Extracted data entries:
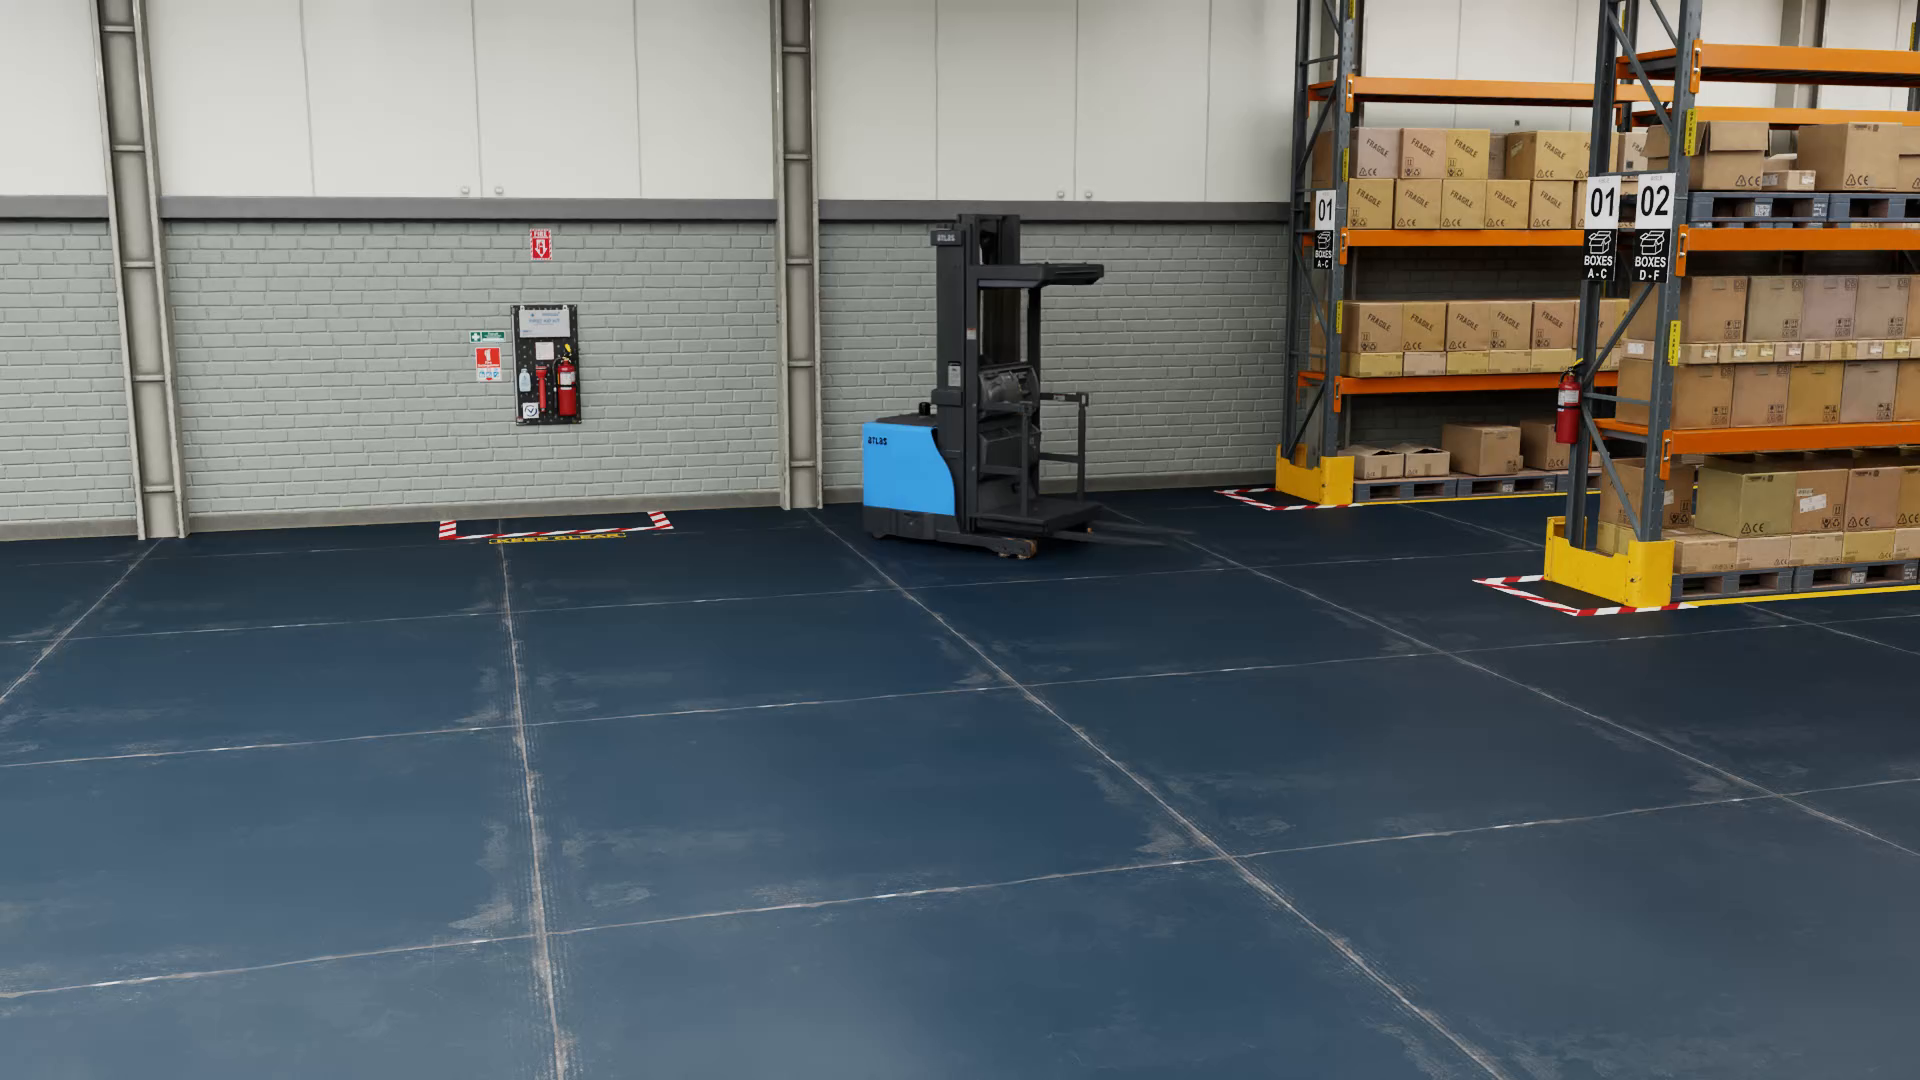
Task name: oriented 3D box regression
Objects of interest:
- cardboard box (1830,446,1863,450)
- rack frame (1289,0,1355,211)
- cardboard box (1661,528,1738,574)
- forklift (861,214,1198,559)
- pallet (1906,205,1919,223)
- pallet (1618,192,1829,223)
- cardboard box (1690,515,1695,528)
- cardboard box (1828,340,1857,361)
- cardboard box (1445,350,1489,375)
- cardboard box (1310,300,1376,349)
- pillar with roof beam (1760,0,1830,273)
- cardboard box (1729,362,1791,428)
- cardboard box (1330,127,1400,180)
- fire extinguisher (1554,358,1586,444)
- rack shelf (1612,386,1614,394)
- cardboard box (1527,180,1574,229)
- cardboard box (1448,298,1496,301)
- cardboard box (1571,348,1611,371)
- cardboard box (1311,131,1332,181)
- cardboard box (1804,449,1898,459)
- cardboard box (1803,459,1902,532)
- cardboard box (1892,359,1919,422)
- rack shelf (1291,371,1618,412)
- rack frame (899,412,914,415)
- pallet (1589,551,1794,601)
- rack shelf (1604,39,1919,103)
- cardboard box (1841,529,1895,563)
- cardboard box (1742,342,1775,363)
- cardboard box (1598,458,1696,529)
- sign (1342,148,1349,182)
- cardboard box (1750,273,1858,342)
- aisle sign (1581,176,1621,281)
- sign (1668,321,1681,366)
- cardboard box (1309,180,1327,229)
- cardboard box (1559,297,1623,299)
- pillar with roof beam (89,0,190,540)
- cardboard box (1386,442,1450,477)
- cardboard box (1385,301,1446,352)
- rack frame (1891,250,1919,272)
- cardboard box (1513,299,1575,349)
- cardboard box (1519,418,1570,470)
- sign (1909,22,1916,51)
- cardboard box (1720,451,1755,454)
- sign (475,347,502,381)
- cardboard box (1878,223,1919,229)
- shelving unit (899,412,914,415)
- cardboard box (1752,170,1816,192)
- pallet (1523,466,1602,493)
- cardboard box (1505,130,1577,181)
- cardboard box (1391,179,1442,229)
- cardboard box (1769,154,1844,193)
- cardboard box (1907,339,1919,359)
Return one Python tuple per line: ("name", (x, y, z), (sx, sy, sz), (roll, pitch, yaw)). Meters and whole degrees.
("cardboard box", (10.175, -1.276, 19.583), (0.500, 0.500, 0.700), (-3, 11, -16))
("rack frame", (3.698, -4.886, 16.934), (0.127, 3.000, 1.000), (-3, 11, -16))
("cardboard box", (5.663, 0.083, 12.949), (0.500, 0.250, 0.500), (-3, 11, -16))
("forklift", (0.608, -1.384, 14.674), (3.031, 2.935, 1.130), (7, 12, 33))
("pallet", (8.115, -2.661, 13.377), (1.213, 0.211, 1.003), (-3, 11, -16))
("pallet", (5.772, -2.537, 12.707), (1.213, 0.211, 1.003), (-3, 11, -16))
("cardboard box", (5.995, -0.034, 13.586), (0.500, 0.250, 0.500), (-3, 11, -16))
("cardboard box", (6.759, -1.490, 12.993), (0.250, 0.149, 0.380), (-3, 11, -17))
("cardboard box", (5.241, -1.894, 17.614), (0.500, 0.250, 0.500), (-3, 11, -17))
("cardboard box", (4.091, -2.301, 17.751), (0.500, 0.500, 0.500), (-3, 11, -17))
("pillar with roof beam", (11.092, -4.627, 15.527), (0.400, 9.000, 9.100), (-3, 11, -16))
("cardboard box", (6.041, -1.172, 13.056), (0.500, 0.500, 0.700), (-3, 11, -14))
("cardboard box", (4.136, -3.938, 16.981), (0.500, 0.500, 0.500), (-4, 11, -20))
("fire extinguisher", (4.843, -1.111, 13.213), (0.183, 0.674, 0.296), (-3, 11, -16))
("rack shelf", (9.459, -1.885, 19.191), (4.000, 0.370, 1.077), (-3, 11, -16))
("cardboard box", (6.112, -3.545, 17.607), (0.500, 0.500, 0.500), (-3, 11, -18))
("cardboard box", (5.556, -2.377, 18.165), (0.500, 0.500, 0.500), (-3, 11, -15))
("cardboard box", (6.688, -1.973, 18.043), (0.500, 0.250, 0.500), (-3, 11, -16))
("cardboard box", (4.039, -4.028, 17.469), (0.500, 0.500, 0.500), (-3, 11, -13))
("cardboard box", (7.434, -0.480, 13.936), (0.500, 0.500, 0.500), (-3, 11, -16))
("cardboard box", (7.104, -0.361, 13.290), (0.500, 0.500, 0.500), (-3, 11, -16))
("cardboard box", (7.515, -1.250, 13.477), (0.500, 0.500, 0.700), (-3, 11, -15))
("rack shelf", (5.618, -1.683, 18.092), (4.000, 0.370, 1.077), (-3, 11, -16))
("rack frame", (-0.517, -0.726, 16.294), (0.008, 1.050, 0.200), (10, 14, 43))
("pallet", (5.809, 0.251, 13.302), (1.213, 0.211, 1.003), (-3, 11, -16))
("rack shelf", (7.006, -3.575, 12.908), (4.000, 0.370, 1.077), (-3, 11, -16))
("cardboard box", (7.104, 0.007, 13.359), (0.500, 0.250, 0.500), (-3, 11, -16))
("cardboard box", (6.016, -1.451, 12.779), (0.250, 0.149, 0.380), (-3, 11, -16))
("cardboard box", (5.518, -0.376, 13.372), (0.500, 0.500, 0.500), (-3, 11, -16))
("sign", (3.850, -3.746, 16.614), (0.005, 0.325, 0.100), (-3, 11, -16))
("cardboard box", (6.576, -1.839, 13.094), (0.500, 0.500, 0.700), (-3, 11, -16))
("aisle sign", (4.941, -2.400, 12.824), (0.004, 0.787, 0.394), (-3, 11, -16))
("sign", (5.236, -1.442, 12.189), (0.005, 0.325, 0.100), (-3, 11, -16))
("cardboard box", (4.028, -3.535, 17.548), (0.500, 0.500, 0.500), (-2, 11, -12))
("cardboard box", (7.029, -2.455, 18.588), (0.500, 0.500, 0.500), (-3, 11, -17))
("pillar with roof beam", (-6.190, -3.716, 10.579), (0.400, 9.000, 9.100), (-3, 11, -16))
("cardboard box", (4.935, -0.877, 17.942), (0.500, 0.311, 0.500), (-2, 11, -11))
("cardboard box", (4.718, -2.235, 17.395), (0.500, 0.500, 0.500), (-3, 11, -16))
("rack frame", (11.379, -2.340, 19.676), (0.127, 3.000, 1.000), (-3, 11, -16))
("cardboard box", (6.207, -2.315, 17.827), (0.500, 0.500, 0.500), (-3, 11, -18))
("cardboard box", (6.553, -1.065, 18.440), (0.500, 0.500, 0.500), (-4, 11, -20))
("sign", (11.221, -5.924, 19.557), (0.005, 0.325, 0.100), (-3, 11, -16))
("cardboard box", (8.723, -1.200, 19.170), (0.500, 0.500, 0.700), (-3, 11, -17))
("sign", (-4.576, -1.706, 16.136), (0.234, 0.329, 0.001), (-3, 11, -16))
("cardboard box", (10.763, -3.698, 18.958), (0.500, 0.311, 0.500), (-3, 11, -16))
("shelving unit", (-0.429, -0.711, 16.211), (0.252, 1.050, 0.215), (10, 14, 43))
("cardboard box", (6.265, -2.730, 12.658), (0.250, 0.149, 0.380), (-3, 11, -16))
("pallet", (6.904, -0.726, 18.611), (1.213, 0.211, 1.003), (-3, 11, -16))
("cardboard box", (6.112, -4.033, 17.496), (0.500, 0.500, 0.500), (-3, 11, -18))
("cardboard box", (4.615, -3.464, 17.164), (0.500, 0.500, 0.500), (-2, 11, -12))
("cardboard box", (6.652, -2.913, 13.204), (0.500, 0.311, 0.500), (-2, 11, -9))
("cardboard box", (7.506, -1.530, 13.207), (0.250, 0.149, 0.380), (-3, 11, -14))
---
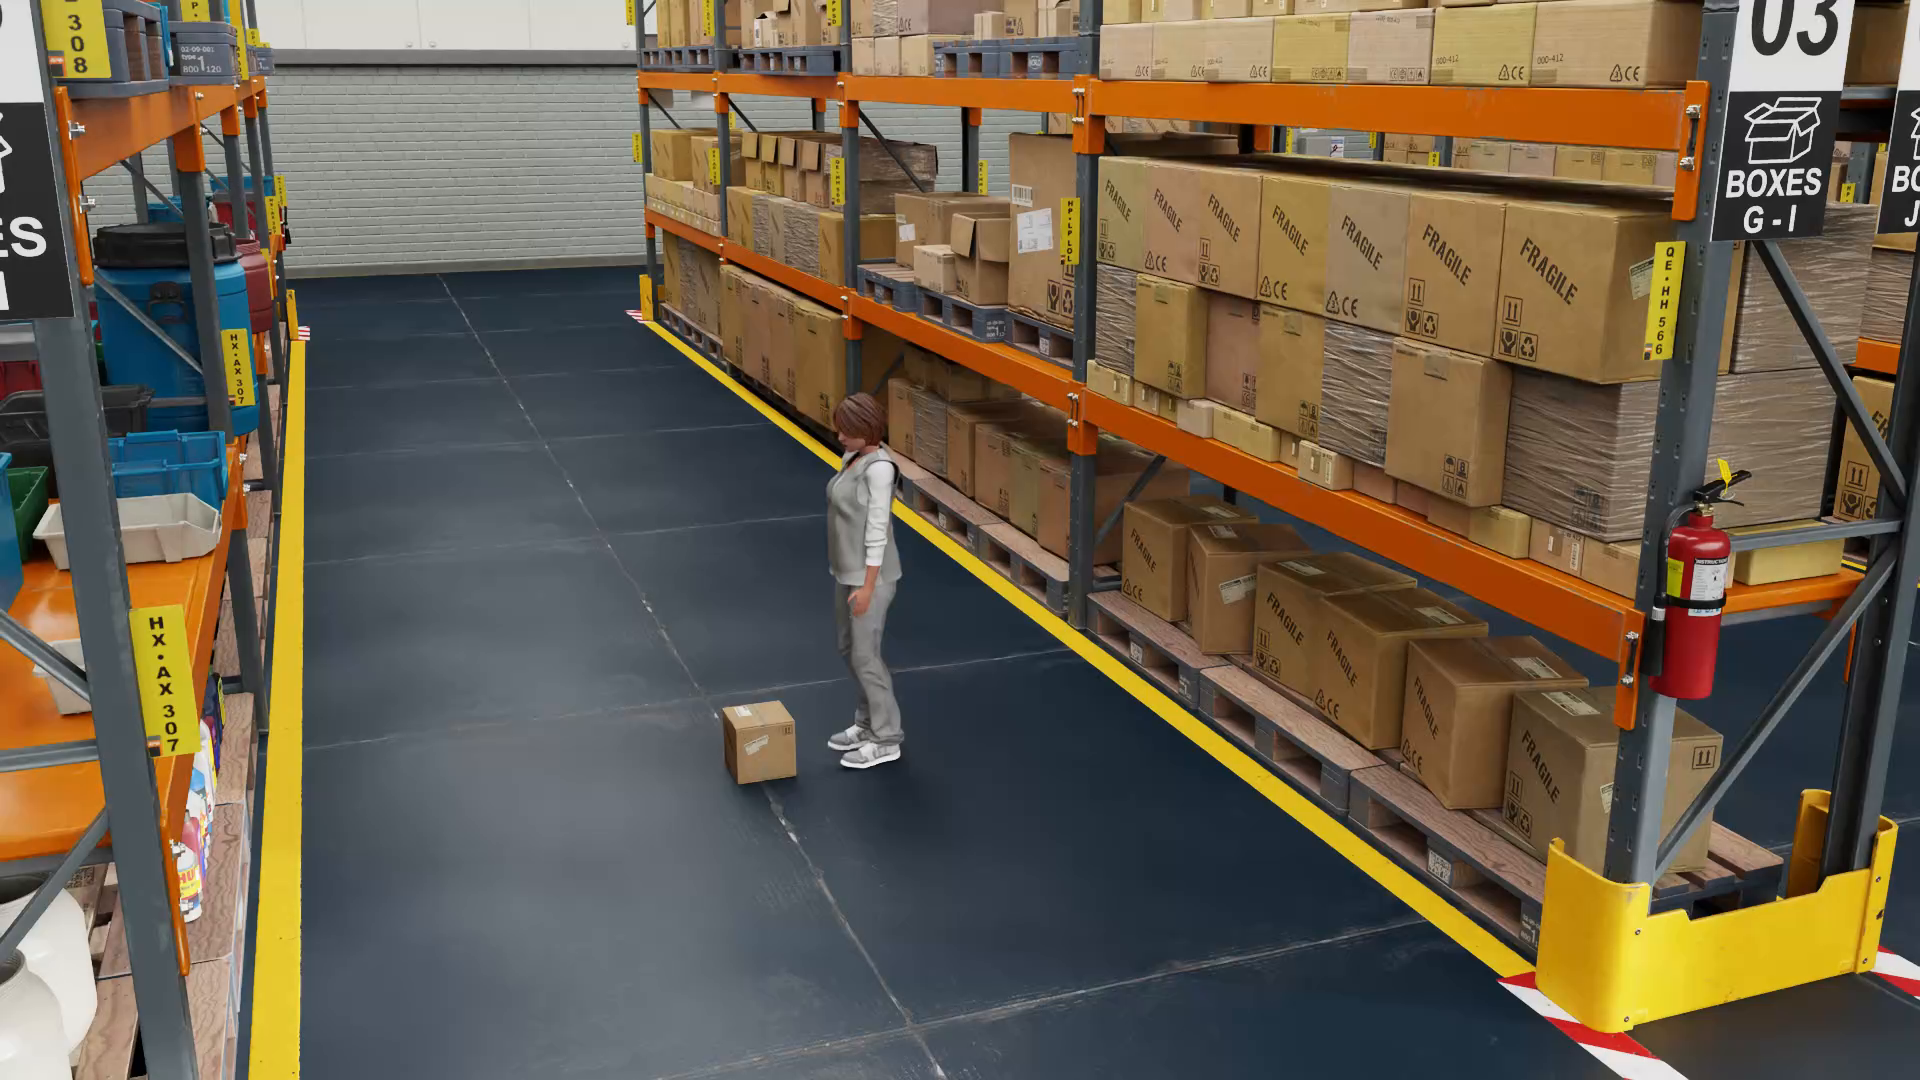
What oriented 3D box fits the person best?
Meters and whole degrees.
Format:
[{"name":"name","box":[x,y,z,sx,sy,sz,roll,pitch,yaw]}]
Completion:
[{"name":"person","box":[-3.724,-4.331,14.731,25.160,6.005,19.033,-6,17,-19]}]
--
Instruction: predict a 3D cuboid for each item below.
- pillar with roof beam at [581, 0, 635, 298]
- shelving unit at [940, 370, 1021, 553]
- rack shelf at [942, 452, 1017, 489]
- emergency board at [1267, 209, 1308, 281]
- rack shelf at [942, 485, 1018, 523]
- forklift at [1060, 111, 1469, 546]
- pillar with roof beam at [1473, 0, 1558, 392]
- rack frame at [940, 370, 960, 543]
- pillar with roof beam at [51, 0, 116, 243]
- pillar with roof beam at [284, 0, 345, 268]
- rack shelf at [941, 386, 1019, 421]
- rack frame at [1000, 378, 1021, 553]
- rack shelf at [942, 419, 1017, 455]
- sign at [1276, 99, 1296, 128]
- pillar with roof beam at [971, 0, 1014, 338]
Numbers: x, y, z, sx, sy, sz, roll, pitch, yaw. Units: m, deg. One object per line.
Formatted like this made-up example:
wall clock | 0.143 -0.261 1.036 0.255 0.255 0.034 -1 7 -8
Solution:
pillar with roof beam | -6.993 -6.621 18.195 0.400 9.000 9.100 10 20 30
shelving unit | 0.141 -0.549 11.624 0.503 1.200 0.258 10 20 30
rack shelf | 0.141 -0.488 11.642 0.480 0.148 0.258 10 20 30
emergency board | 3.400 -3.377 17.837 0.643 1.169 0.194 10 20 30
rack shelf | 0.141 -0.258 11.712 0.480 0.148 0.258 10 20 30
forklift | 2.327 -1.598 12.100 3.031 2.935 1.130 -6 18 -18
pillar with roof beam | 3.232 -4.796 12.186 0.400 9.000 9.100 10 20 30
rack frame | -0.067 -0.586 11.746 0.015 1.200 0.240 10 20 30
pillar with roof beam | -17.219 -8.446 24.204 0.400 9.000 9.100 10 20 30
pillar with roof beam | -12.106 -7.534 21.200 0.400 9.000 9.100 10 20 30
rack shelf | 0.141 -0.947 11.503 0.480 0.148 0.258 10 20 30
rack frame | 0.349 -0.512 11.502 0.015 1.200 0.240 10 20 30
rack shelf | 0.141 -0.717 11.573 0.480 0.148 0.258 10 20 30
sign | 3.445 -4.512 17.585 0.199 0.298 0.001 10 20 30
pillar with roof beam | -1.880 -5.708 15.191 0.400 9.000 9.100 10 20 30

▶ [Problem statement]: Write out exactly the lines above from the line with "- pallet (1618,192,1829,223)" through the line with "- pallet (1523,466,1602,493)", both of them included, and leave out all other lines.

▶ [Your solution]:
- pallet (1618,192,1829,223)
- cardboard box (1690,515,1695,528)
- cardboard box (1828,340,1857,361)
- cardboard box (1445,350,1489,375)
- cardboard box (1310,300,1376,349)
- pillar with roof beam (1760,0,1830,273)
- cardboard box (1729,362,1791,428)
- cardboard box (1330,127,1400,180)
- fire extinguisher (1554,358,1586,444)
- rack shelf (1612,386,1614,394)
- cardboard box (1527,180,1574,229)
- cardboard box (1448,298,1496,301)
- cardboard box (1571,348,1611,371)
- cardboard box (1311,131,1332,181)
- cardboard box (1804,449,1898,459)
- cardboard box (1803,459,1902,532)
- cardboard box (1892,359,1919,422)
- rack shelf (1291,371,1618,412)
- rack frame (899,412,914,415)
- pallet (1589,551,1794,601)
- rack shelf (1604,39,1919,103)
- cardboard box (1841,529,1895,563)
- cardboard box (1742,342,1775,363)
- cardboard box (1598,458,1696,529)
- sign (1342,148,1349,182)
- cardboard box (1750,273,1858,342)
- aisle sign (1581,176,1621,281)
- sign (1668,321,1681,366)
- cardboard box (1309,180,1327,229)
- cardboard box (1559,297,1623,299)
- pillar with roof beam (89,0,190,540)
- cardboard box (1386,442,1450,477)
- cardboard box (1385,301,1446,352)
- rack frame (1891,250,1919,272)
- cardboard box (1513,299,1575,349)
- cardboard box (1519,418,1570,470)
- sign (1909,22,1916,51)
- cardboard box (1720,451,1755,454)
- sign (475,347,502,381)
- cardboard box (1878,223,1919,229)
- shelving unit (899,412,914,415)
- cardboard box (1752,170,1816,192)
- pallet (1523,466,1602,493)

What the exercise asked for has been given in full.